Aku jadi teringat masa-masa sulit waktu ngurus beasiswa ini. Mulai dari ngisi formulir, pontang panting nyari dosen yang mau ngasih tanda tangan, Kirim berkas sambil hujan-hujan, uang pegiriman yang gak cukup, ikut antrian panjang buat ngedapatin ketikan surat keterangan masih kul, kehilangan surat keterangan kul yang udah ditandanganin, ikutan tes ITP TOEFL, samapi FD yang harus kena serangan 753 virus trojan gara-gara terlalu sering online iinternet buat ngedapatin trick dan bocoran soal wawancara. Dan kesemuanya itu harus diakhiri dengan satu kata. GAGAL

Namun setidaknya, ada 2 teman aku yang lulus dari UIN. Ada Jusni ma Ramon. Mereka yang bakalan ngerasain gimana rasanya menghabiskan waktu 2 bulan di Amrik. Yah, Tuhan memang telah menggariskan semuanya. Ini yang namanya Takdir.
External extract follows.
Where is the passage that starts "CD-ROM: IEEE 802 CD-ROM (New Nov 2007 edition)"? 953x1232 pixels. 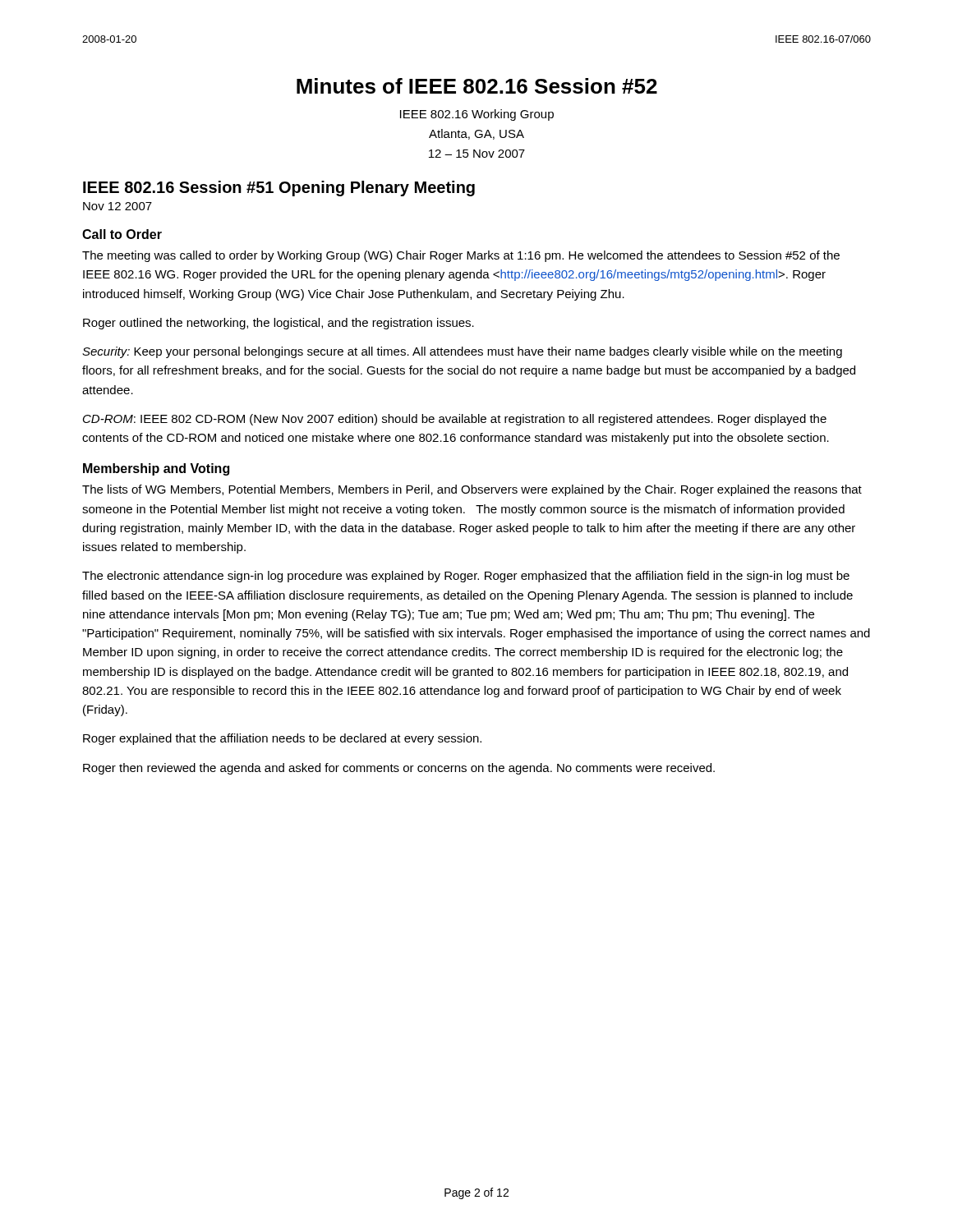[x=456, y=428]

Bagi aku, ini kegagalan yang kedua kalinya yang aku rasakan saat berusaha untuk ke luar negeri. Tapi entah kenapa, sebuah perasaan di dalam hati muncul. Suatu perasaan yang menuntut untuk tidak terlalalu larut dalam kesedihan. Seakan ada hal lebih besar yang menunggu dibalik semua ini.

Mengharapakan keajaiban??? Kayaknya susah. Namun aku mulai sadar. Jalan ke sana tidaklah mudah. Saatnya untuk kemudian lebih bersungguh-sungguh mencari beasiswa lagi. Yeah, I am getting closer to get there. Sedikit lagi

Rabu, 17 Desember 2008

IELSP-Road to America Part 7

Minggu ke dua setelah proses wawancara. jantung semakin berdebar. Dag dig dug gak karuan. Apalagi kalau melihat dari pengalaman peserta terdahulu yang ngatain kalo pemberitahuan tentnag lulusnya diberitakan melalui telepon di minggu ke dua setelah wawancara.

Posisi hp selalu siaga 1. Apalagi di waktu pagi sampai sore hari. Gak heran kalau tiap ada yang nelepon, hati kecil selalu berharap no Jakarta. Begitu seterusnya. Rasa-rasanya jantung selalu aja kepingin copot tiap ada orang yang nelpon. Kaukah itu pembawa khabar baik bagiku????

Cek, email dan browsing di internet pun hampir tiap hari. Temanya gak jauh-jauh dari upaya dapat bocoran ataupun hasil pengumuman IELSP batch 6. Tapi tetap aja hasilnya masih nihil. Belum ada kejelasan, belum ada pengumuman.

Sempat jadi minder juga saat temen ngomong kalau kemungkinan yang lulus dari UIN cuman ada 2. Hanya Thi'ah ma Jusni. Padahal aku lagi ada pas temenku lagi ngomong. Terpaksa deh cuman tersenyum-senyum kecut aja. Namun dalam hati berharap kalau yang lulus itu aku.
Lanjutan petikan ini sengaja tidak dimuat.